Metadata-Version: 2.1
Name: qbf_index
Version: 0.1.0
Summary: Python package for implementing a Quotient Bloom Filter (QBF) index
Home-page: https://github.com/diomandeee/qbf_index
Author: Mohamed Diomande
Author-email: gdiomande7907@gmail.com
License: MIT
Classifier: Programming Language :: Python :: 3
Classifier: License :: OSI Approved :: MIT License
Classifier: Operating System :: OS Independent
Requires-Python: >=3.6
Description-Content-Type: text/markdown
License-File: LICENSE

# Quotient Bloom Filters

Quotient Bloom Filters (QBFs) are a probabilistic data structure used to test if an element is a member of a set. They are a variant of the conventional Bloom Filter (BF) that incorporate a hierarchical level structure to improve the accuracy of membership queries.

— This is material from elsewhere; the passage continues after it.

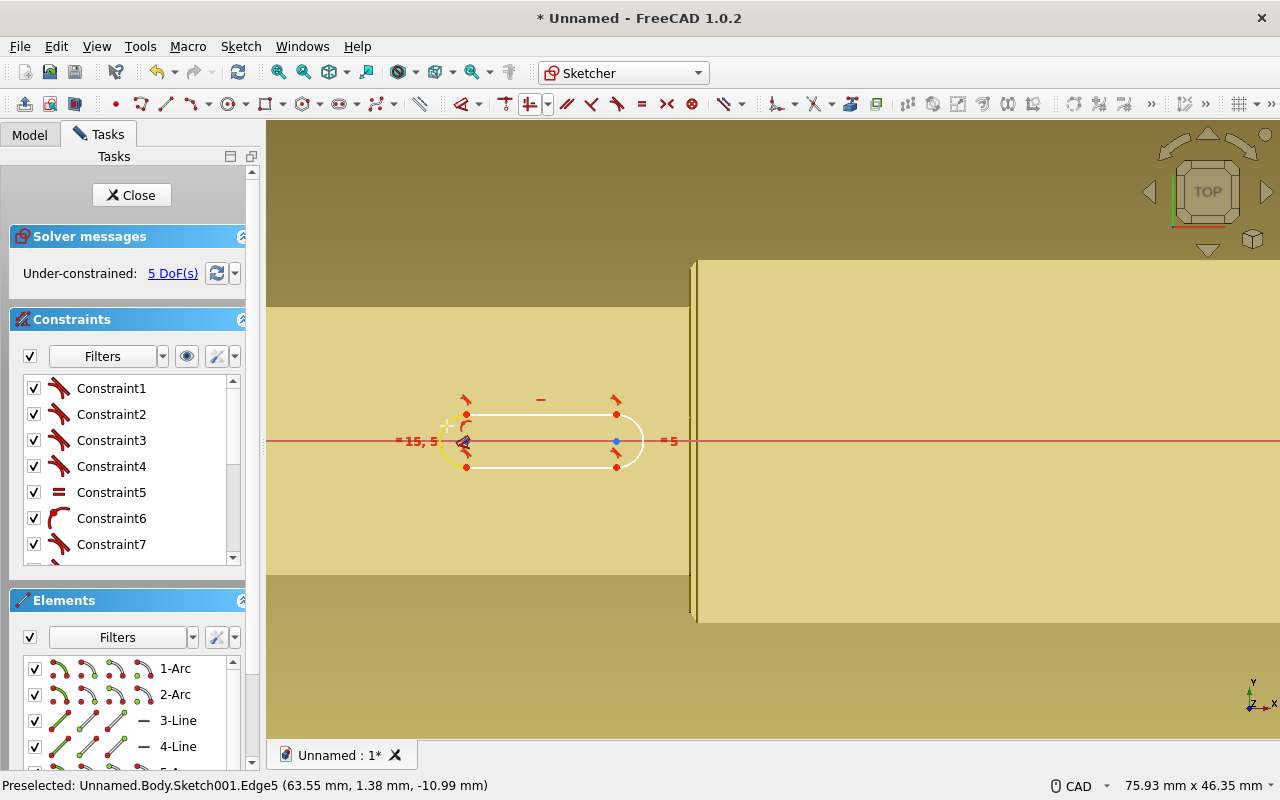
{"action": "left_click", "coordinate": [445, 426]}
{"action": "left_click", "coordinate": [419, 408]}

## Conventional Bloom Filter

Conventional Bloom Filters (BFs) are used to determine whether an element is a member of a set or not. They work by hashing the element to a set of positions in an array of bits. If all the bits at these positions are set to 1, then the element is considered to be a member of the set. However, if any of the bits are set to 0, then the element is definitely not a member of the set. BFs are designed to minimize the number of false negatives, which occur when a member is incorrectly identified as not being part of the set. They do so at the cost of allowing for a certain number of false positives, which occur when a non-member is incorrectly identified as being part of the set.

## Quotient Bloom Filter

QBFs improve upon BFs by incorporating a hierarchical level structure that allows for a more fine-grained control over the probability of false positives. QBFs introduce the concept of "levels" in which each level consists of a set of Bloom Filters that store the number of times an element has been inserted. The maximum number of times an element can be inserted in a level is equal to the number of levels, and the number of levels determines the total number of bits allocated to each element.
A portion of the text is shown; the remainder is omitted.